- **EXERCISE AIM**
With the pictures removed, the data below must be transcribed in full and exactly.

- **LISTED RECORDS**
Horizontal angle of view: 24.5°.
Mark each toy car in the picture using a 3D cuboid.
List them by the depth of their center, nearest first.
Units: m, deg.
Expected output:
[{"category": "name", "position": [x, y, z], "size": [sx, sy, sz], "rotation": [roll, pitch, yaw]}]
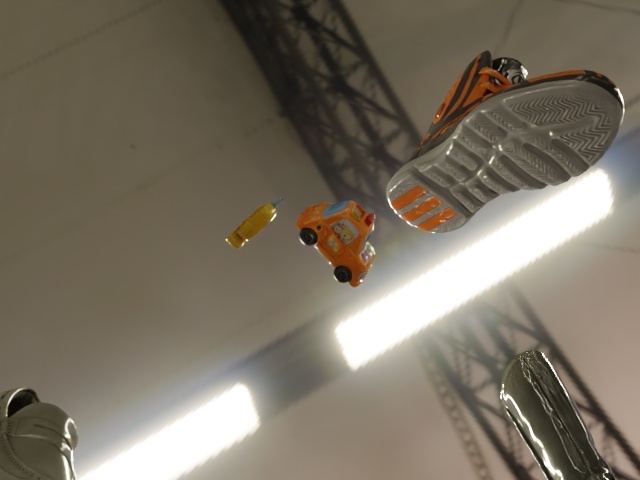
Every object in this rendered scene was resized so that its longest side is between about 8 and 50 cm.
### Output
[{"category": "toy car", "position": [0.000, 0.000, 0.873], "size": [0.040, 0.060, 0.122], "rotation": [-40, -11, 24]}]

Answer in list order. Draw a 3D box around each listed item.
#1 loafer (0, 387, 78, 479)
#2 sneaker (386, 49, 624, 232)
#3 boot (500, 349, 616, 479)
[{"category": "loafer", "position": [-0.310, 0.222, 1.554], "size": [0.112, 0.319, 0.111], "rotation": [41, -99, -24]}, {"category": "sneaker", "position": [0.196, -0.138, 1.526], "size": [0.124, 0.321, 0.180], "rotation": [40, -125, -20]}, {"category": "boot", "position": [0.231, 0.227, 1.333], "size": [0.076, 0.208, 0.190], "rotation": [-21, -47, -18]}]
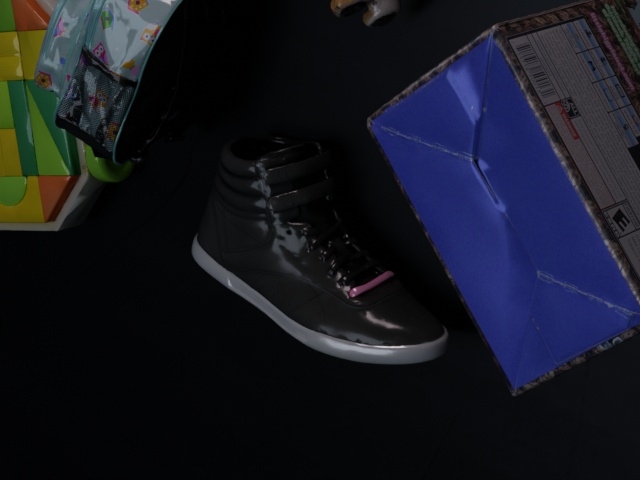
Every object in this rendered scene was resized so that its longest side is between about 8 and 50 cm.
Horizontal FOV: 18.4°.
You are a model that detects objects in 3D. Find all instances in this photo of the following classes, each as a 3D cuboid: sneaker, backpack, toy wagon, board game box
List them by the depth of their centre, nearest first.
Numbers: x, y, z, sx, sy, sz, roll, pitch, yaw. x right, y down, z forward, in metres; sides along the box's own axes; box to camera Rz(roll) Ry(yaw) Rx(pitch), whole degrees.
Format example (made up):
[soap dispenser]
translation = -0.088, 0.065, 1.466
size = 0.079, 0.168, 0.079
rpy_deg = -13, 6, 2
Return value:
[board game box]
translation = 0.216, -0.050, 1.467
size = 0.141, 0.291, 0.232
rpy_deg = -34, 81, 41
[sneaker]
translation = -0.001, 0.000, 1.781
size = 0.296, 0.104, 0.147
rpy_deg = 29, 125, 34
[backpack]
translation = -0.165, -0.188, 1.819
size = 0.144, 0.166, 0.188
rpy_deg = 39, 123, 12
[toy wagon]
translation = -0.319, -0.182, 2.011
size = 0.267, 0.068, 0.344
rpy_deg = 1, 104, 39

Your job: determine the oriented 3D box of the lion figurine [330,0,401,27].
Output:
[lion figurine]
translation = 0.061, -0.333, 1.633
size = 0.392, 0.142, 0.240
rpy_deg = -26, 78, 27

- **EXERCISE SOLUTION**
Horizontal angle of view: 24.5°.
Mark each toy car in the picture using a 3D cuboid.
List them by the depth of their center, nearest first.
Units: m, deg.
Expected output:
[{"category": "name", "position": [x, y, z], "size": [sx, sy, sz], "rotation": [roll, pitch, yaw]}]
Every object in this rendered scene was resized so that its longest side is between about 8 and 50 cm.
### Output
[{"category": "toy car", "position": [0.000, 0.000, 0.873], "size": [0.040, 0.060, 0.122], "rotation": [-40, -11, 24]}]

Answer in list order. Draw a 3D box around each listed item.
#1 loafer (0, 387, 78, 479)
#2 sneaker (386, 49, 624, 232)
#3 boot (500, 349, 616, 479)
[{"category": "loafer", "position": [-0.310, 0.222, 1.554], "size": [0.112, 0.319, 0.111], "rotation": [41, -99, -24]}, {"category": "sneaker", "position": [0.196, -0.138, 1.526], "size": [0.124, 0.321, 0.180], "rotation": [40, -125, -20]}, {"category": "boot", "position": [0.231, 0.227, 1.333], "size": [0.076, 0.208, 0.190], "rotation": [-21, -47, -18]}]
Every object in this rendered scene was resized so that its longest side is between about 8 and 50 cm.
Horizontal FOV: 18.4°.
You are a model that detects objects in 3D. Find all instances in this photo of the following classes, each as a 3D cuboid: sneaker, backpack, toy wagon, board game box
List them by the depth of their centre, nearest first.
Numbers: x, y, z, sx, sy, sz, roll, pitch, yaw. x right, y down, z forward, in metres; sides along the box's own axes; box to camera Rz(roll) Ry(yaw) Rx(pitch), whole degrees.
Format example (made up):
[soap dispenser]
translation = -0.088, 0.065, 1.466
size = 0.079, 0.168, 0.079
rpy_deg = -13, 6, 2
Return value:
[board game box]
translation = 0.216, -0.050, 1.467
size = 0.141, 0.291, 0.232
rpy_deg = -34, 81, 41
[sneaker]
translation = -0.001, 0.000, 1.781
size = 0.296, 0.104, 0.147
rpy_deg = 29, 125, 34
[backpack]
translation = -0.165, -0.188, 1.819
size = 0.144, 0.166, 0.188
rpy_deg = 39, 123, 12
[toy wagon]
translation = -0.319, -0.182, 2.011
size = 0.267, 0.068, 0.344
rpy_deg = 1, 104, 39

Your job: determine the oriented 3D box of the lion figurine [330,0,401,27].
Output:
[lion figurine]
translation = 0.061, -0.333, 1.633
size = 0.392, 0.142, 0.240
rpy_deg = -26, 78, 27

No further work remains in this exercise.